Why do people keep mentioning revenue as if it was some sort of useful measurement? When paying fines net profit is what matters.
1) BigCo acts in a way which attracts significant local fine.
2) Country/ies in question fines them a representative amount of local tax for a company earning £X revenue in that country/ies
This is not how I imagine the internet to work :(
This was just lobbying done by newspapers who are dying to social media and better news channels.
Said newspapers are already heavily subsidized by the French government anyway.., They should just nationalize them and make France an official Soviet State instead of pretending to be a Democracy.

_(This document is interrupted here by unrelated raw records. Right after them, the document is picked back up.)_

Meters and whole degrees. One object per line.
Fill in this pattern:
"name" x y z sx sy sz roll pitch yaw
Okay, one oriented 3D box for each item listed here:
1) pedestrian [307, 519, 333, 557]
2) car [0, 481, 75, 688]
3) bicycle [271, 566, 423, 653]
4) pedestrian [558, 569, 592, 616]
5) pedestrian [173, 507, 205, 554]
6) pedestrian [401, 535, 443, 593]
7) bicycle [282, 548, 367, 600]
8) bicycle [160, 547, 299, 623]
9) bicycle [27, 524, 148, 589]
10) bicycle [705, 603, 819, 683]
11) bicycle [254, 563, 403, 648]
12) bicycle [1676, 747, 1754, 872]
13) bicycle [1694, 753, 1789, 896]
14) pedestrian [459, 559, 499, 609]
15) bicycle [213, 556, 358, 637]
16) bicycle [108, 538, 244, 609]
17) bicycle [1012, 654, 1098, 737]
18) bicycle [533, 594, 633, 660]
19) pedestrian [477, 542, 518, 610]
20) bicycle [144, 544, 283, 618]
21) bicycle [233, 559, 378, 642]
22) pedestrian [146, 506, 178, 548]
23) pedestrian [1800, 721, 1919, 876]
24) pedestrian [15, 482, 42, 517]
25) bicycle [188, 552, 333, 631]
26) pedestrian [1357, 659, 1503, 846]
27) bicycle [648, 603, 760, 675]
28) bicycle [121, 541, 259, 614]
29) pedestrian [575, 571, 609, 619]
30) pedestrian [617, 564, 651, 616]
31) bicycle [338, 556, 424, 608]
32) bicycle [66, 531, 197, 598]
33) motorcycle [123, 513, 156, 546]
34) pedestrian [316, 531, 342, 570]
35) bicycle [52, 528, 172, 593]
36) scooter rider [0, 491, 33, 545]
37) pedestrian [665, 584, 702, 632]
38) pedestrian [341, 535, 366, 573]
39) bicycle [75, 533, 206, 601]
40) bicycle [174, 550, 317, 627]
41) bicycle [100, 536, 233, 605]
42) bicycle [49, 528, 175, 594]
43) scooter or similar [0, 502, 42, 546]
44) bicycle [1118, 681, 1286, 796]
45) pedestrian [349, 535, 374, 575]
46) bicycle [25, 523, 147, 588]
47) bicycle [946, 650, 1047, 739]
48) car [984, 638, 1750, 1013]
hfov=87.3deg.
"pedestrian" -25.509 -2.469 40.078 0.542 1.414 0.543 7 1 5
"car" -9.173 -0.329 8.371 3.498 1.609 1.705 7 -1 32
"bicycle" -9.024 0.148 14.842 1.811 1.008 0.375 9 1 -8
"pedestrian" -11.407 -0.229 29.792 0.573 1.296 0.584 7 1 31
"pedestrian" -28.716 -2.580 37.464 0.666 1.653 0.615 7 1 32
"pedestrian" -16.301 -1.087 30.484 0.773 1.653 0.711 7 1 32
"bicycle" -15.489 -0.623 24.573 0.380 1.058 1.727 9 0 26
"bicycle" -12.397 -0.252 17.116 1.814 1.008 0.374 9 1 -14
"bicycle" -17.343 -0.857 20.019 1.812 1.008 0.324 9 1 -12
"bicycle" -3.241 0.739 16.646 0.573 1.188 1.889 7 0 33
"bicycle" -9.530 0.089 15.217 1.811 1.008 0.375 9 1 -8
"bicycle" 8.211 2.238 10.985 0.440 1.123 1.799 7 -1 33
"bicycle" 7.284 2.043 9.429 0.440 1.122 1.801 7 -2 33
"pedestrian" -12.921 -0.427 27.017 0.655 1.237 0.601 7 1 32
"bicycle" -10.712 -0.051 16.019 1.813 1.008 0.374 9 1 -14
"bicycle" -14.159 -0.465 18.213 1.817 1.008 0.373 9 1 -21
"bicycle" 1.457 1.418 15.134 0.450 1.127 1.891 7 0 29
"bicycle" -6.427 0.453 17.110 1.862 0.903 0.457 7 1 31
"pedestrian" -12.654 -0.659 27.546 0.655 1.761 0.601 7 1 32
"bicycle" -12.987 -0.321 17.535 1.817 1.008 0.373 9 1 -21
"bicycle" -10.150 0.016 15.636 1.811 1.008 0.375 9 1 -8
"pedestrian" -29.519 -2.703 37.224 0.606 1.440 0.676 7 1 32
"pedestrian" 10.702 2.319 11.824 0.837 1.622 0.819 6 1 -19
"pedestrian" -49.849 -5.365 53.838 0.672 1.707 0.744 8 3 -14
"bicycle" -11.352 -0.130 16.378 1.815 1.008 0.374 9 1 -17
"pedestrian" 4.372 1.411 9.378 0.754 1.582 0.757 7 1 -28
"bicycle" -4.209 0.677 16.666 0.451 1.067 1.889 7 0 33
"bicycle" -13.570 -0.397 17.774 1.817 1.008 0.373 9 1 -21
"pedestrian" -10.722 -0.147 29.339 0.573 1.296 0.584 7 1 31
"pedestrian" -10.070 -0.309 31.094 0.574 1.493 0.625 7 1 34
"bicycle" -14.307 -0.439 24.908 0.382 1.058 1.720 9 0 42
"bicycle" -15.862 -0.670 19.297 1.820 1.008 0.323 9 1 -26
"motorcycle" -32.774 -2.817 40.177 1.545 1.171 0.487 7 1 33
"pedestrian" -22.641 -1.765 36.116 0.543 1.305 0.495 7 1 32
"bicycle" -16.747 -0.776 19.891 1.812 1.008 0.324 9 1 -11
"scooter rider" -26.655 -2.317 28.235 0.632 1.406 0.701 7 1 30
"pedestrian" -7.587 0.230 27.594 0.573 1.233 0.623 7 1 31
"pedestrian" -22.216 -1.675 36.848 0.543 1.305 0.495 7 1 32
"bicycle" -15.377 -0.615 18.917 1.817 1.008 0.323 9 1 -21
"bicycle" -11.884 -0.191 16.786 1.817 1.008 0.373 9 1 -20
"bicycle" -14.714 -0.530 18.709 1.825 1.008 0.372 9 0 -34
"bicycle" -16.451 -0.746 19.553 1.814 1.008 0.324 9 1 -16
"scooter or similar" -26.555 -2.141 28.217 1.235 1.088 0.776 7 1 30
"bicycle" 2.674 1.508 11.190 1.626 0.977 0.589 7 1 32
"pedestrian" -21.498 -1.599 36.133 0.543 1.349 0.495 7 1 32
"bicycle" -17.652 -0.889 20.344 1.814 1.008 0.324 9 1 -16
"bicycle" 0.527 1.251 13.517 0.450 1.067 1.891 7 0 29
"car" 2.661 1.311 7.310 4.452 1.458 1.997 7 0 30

This type of thing makes France seems like a terrible place to do business. Obviously a big market for tech giants, but they are so anti-business and beuracratic. I wouldn’t consider doing anything there.
The forced unionization when you reach 50 employees is one of the main reason no new big company grows locally. Not worth the trouble.
(They also avoid paying some wealth taxes by owning shares of media companies...)
And, surprisedly, most of them have personal relationship with the president or top officials of the government...
I fixed it for you.
> (They also avoid paying some wealth taxes by owning shares of media companies...)
Like every company
> And, surprisedly, most of them have personal relationship with the president or top officials of the government...
Just like google and other companies. It's called lobbying and it is the most popular sport in governments around the globe.
If you think about it, if the article might be interesting, you will go to the website of the media anyway.
But now, most media here are really crappy and are just formatting news from AFP (french Reuter equivalent) or from gov or corp press releases without doing real journalism. And so, logically from their point of view, just showing the title steal the only worthing thing from them. And that does not entitle them to get traffic from Google, but just to receive whatever biggest amount possible from Google without doing anything.
Usually, I'm complaining more about Google bad actions and its monopoly abuses. But in this specific case, I would more likely be on their side, with the impression that they are bullied by the media that are really politically powerful in France.
Imagine, if all the websites referenced in hacker news were starting to ask HN to pay them for the right to list their articles...
And the bad thing is that, once they will win with Google, it will create a precedent and they can legitimately start pursuing the little fishes.
Think about all the corporate assholes around the world that really would like to have the right to decide who link to their website and impose some fees for that!